** Records provided follows **
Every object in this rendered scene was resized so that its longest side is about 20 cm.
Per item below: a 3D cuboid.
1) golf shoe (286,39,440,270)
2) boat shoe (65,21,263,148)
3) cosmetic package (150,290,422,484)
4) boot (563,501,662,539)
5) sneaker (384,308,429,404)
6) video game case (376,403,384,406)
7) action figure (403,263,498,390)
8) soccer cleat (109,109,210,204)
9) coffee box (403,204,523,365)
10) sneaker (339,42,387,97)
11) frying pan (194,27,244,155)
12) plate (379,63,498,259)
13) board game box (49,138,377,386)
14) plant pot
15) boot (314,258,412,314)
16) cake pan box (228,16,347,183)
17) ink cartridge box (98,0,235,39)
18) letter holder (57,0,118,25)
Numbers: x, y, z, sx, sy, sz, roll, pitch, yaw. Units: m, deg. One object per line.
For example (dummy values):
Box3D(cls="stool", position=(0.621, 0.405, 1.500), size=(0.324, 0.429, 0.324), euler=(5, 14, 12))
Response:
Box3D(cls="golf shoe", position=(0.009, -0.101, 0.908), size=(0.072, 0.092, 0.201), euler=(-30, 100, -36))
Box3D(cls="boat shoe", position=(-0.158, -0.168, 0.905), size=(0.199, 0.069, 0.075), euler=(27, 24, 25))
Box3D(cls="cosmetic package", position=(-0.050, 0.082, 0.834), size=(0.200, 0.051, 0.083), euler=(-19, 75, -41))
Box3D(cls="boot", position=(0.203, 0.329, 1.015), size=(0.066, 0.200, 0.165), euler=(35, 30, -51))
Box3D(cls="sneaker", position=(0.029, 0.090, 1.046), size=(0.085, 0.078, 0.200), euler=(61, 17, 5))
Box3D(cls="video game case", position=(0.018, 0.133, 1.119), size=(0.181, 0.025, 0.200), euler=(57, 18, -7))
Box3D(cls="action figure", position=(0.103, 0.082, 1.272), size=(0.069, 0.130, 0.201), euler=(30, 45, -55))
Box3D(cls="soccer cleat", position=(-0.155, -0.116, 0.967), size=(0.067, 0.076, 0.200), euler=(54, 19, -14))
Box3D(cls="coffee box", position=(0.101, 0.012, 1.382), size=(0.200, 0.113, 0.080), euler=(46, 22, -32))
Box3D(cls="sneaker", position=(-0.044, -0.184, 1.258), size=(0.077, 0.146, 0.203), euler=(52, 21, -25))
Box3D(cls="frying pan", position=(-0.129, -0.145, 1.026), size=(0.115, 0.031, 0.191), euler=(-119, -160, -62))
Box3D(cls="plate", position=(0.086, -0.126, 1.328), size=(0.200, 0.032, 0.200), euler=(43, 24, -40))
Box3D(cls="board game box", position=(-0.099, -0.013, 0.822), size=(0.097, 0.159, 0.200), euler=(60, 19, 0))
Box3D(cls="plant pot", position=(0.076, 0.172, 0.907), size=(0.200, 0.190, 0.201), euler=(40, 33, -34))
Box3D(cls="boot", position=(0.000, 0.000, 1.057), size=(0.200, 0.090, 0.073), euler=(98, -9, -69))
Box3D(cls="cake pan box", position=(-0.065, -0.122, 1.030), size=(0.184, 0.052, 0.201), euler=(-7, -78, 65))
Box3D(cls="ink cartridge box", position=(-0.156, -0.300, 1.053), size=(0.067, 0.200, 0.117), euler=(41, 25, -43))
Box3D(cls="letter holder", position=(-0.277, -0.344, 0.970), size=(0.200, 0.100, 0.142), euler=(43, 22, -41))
** End of Records provided **
### Task objective
Given the records above, return exactly the lines starting at the line containing "8) soccer cleat (109,109,210,204)" and ending at the line containing "euler=(5, 14, 12))", including both.

### Exercise answer
8) soccer cleat (109,109,210,204)
9) coffee box (403,204,523,365)
10) sneaker (339,42,387,97)
11) frying pan (194,27,244,155)
12) plate (379,63,498,259)
13) board game box (49,138,377,386)
14) plant pot
15) boot (314,258,412,314)
16) cake pan box (228,16,347,183)
17) ink cartridge box (98,0,235,39)
18) letter holder (57,0,118,25)
Numbers: x, y, z, sx, sy, sz, roll, pitch, yaw. Units: m, deg. One object per line.
For example (dummy values):
Box3D(cls="stool", position=(0.621, 0.405, 1.500), size=(0.324, 0.429, 0.324), euler=(5, 14, 12))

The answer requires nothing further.